## Exercise aim
When the line containing "Make the answer very short. 117.81." appears in the data below, begin copying there and stop only after the line containing "Your response must be concise. -4.".

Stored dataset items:
• • • • •

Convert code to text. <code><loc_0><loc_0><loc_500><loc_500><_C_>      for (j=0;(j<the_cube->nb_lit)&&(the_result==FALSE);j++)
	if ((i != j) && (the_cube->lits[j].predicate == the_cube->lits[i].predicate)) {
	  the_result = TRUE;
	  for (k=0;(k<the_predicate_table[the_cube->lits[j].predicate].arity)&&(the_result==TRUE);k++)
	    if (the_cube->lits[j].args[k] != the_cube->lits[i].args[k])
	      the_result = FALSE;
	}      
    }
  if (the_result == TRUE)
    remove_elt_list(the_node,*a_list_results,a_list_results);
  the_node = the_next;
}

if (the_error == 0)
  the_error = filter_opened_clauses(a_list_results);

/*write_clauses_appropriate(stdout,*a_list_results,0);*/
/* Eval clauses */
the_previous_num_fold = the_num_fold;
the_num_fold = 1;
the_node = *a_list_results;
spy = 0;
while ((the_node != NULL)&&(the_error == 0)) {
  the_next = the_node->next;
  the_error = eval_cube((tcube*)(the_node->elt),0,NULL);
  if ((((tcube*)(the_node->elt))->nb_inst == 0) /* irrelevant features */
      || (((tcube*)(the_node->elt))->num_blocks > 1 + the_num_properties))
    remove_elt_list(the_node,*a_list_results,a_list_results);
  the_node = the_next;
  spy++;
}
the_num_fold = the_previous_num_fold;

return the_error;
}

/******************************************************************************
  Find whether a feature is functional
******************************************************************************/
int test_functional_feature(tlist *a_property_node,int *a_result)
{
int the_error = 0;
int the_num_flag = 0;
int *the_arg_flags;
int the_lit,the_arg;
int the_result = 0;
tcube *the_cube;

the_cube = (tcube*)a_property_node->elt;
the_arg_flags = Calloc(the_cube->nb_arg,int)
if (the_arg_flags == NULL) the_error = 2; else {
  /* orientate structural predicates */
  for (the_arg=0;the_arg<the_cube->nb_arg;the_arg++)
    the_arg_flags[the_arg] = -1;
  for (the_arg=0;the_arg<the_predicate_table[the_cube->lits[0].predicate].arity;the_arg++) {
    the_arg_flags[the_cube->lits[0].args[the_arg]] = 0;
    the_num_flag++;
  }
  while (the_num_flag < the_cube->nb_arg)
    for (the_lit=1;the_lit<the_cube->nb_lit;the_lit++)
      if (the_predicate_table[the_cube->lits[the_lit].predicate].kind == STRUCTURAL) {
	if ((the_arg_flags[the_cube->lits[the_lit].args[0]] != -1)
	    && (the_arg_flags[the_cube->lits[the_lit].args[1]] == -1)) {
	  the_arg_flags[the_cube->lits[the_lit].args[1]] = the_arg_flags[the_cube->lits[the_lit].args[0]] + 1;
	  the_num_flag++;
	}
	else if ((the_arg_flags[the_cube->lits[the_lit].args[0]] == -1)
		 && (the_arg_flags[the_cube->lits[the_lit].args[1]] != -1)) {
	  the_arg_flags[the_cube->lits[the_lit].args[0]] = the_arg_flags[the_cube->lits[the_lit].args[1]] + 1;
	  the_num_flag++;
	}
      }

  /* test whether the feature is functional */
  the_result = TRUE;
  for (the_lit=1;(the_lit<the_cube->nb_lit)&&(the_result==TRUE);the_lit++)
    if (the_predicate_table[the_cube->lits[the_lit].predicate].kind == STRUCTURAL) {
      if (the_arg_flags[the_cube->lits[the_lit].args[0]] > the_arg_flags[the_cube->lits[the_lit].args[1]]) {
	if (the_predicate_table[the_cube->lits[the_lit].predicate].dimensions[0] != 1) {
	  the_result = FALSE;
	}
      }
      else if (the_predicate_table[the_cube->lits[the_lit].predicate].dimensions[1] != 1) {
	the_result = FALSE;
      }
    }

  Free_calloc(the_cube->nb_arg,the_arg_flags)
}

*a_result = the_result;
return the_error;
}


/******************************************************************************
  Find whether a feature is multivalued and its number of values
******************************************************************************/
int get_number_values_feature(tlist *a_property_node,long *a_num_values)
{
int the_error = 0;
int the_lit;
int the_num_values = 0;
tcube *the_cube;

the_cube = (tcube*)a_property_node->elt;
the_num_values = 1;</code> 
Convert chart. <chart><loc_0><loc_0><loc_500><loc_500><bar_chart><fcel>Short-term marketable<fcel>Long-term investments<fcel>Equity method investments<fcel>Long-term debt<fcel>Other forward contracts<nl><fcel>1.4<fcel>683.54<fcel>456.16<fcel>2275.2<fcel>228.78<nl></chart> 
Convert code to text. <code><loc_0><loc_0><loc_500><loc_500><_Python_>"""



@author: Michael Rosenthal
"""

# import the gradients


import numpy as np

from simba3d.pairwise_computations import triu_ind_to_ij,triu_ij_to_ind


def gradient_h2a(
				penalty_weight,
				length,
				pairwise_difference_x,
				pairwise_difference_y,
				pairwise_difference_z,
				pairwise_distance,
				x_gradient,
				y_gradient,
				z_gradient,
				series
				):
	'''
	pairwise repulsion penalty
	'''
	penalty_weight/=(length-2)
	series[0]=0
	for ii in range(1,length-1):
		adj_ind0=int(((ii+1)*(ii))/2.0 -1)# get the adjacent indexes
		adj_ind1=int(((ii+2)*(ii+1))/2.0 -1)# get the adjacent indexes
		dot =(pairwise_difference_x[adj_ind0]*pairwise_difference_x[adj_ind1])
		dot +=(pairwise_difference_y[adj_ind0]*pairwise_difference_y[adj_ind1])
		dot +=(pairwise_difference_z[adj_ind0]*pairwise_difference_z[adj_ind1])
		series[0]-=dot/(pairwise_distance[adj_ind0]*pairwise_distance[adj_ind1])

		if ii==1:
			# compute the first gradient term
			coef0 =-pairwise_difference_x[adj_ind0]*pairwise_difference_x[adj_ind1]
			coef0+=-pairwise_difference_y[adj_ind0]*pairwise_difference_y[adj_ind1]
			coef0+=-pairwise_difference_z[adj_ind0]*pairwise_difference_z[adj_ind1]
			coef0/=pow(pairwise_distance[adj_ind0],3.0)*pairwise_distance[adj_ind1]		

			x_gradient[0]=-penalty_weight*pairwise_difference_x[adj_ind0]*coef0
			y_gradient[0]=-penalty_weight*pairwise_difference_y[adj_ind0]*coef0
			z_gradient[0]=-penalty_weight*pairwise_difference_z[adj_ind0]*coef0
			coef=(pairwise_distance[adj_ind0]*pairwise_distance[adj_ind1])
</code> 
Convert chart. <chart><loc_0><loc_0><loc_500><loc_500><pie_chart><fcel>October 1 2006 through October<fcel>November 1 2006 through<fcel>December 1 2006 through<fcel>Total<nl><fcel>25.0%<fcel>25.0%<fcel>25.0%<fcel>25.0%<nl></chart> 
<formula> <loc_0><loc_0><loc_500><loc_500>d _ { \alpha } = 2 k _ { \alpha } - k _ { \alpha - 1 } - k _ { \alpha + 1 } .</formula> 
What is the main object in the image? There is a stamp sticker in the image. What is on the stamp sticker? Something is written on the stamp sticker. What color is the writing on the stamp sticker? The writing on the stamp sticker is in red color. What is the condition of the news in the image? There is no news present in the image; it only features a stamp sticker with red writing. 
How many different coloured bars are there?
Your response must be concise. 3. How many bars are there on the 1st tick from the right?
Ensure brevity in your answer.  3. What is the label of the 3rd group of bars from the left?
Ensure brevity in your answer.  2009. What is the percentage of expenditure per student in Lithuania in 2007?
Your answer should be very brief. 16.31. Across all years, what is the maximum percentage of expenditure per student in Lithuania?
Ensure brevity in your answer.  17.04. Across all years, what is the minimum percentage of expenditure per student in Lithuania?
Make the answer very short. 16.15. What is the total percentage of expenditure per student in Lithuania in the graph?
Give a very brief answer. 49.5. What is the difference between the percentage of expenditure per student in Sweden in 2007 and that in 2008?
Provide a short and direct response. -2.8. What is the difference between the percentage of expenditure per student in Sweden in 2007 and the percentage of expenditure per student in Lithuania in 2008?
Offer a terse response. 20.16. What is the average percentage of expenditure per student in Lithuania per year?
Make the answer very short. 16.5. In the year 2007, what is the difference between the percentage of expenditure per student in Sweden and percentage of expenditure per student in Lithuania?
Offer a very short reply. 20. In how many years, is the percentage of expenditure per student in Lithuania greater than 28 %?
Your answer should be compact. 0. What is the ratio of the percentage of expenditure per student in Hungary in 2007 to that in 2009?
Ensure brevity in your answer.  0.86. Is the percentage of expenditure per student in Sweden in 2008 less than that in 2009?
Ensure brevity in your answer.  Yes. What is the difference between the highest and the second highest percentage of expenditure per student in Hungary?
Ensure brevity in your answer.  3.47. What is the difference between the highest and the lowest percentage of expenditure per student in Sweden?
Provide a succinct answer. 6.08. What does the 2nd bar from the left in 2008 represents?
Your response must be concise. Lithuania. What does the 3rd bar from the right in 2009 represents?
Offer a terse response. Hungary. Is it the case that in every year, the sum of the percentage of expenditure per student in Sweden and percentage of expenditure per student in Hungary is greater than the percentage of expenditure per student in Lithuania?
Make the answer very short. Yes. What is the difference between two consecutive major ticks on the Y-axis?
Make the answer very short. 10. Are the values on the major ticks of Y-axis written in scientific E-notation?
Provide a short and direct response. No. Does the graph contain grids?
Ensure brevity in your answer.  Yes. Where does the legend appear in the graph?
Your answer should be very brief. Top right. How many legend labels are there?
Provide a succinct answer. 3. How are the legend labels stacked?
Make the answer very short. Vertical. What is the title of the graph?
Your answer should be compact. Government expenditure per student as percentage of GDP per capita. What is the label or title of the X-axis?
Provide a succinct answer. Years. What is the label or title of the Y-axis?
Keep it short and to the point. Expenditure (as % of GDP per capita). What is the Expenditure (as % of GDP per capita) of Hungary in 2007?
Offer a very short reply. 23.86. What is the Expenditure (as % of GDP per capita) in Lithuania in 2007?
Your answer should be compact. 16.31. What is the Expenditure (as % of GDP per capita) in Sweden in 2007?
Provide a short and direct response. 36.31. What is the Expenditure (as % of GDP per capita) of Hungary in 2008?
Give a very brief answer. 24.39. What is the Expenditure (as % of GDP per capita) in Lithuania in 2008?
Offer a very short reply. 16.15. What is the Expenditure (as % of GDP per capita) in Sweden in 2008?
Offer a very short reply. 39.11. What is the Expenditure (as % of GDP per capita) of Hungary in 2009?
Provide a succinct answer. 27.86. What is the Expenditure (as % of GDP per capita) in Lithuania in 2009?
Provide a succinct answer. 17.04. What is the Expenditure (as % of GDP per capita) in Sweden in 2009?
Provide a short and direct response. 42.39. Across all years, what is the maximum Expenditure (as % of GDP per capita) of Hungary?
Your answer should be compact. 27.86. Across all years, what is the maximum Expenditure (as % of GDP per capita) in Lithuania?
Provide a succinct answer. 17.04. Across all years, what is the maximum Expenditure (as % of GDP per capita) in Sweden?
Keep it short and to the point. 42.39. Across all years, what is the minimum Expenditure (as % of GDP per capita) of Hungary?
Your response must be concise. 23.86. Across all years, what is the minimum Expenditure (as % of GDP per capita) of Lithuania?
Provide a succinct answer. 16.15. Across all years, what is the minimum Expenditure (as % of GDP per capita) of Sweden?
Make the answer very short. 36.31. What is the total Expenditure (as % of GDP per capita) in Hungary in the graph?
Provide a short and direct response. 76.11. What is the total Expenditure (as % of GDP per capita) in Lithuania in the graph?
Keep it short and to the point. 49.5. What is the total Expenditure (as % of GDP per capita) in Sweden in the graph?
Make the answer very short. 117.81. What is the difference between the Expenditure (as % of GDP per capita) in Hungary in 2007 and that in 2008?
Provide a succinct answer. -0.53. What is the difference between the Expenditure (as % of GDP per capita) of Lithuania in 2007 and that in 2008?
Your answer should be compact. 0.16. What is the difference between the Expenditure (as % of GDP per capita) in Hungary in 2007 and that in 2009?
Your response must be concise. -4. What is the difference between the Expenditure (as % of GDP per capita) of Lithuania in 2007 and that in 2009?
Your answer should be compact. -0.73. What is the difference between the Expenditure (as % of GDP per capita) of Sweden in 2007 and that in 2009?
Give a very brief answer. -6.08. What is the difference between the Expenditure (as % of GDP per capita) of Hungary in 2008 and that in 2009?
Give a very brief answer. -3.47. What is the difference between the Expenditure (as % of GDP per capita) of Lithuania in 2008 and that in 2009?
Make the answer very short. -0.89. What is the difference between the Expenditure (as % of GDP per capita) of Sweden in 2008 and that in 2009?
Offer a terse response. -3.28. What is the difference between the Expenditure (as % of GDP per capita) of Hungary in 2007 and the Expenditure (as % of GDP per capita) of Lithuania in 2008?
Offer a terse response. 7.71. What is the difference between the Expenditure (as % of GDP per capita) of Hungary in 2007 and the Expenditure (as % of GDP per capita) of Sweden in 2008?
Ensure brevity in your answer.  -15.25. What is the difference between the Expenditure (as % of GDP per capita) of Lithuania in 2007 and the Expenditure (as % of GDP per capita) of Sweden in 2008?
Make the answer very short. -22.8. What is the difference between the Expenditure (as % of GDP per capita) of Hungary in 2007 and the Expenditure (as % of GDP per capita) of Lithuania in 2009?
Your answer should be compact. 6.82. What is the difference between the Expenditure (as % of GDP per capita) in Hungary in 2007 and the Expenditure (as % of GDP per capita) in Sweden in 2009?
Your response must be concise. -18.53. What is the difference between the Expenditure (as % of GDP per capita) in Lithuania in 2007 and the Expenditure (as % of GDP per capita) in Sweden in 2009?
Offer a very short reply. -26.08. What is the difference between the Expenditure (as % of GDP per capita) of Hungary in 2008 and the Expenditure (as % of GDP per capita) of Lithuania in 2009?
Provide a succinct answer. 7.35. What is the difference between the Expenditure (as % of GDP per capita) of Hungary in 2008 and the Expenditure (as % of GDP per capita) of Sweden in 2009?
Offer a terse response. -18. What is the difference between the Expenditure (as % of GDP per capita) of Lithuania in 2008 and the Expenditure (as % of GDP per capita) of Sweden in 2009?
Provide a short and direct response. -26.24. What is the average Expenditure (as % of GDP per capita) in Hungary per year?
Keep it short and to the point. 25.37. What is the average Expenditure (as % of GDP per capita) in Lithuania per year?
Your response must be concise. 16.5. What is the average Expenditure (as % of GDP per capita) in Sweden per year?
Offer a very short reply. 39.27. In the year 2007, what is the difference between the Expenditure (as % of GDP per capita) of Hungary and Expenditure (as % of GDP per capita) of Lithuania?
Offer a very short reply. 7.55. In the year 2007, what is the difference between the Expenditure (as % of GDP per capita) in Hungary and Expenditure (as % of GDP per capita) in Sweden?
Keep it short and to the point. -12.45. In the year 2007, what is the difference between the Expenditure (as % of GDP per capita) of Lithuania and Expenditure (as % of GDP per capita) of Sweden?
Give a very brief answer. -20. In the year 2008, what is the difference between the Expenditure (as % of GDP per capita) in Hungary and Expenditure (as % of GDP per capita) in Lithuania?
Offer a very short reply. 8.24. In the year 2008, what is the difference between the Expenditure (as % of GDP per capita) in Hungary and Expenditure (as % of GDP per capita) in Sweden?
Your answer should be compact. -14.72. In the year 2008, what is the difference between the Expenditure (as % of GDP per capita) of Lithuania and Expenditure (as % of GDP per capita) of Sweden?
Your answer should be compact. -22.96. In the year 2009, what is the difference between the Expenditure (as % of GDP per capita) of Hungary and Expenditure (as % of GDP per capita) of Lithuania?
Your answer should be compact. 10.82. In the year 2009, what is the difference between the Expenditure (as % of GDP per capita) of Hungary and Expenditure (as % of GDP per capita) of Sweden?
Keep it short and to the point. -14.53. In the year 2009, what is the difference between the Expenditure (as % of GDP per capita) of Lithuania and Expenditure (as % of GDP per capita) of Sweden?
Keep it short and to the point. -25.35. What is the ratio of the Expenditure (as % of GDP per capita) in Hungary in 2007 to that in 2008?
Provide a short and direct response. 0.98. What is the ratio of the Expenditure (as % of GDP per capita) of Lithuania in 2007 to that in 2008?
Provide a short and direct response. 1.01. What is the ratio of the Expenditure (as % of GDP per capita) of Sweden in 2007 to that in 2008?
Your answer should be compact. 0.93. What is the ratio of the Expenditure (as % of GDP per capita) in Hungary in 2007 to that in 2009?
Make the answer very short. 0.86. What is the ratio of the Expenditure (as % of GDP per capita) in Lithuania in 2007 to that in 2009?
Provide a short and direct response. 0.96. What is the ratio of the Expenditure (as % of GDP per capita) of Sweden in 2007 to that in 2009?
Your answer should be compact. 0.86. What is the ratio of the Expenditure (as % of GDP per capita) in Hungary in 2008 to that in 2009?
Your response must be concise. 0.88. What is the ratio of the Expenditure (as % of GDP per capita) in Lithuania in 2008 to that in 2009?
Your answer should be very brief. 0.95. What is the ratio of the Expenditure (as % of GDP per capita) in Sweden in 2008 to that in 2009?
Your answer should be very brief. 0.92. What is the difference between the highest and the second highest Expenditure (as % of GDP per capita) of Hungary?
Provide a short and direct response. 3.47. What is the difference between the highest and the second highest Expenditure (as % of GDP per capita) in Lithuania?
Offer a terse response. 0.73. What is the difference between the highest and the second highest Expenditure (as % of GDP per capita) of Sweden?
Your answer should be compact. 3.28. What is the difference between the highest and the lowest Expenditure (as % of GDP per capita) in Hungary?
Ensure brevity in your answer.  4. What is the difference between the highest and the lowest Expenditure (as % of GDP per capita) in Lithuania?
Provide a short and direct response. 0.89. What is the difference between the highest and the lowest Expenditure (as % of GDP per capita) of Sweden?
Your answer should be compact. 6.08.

• • • • •

## Output
Make the answer very short. 117.81. What is the difference between the Expenditure (as % of GDP per capita) in Hungary in 2007 and that in 2008?
Provide a succinct answer. -0.53. What is the difference between the Expenditure (as % of GDP per capita) of Lithuania in 2007 and that in 2008?
Your answer should be compact. 0.16. What is the difference between the Expenditure (as % of GDP per capita) in Hungary in 2007 and that in 2009?
Your response must be concise. -4. What is the difference between the Expenditure (as % of GDP per capita) of Lithuania in 2007 and that in 2009?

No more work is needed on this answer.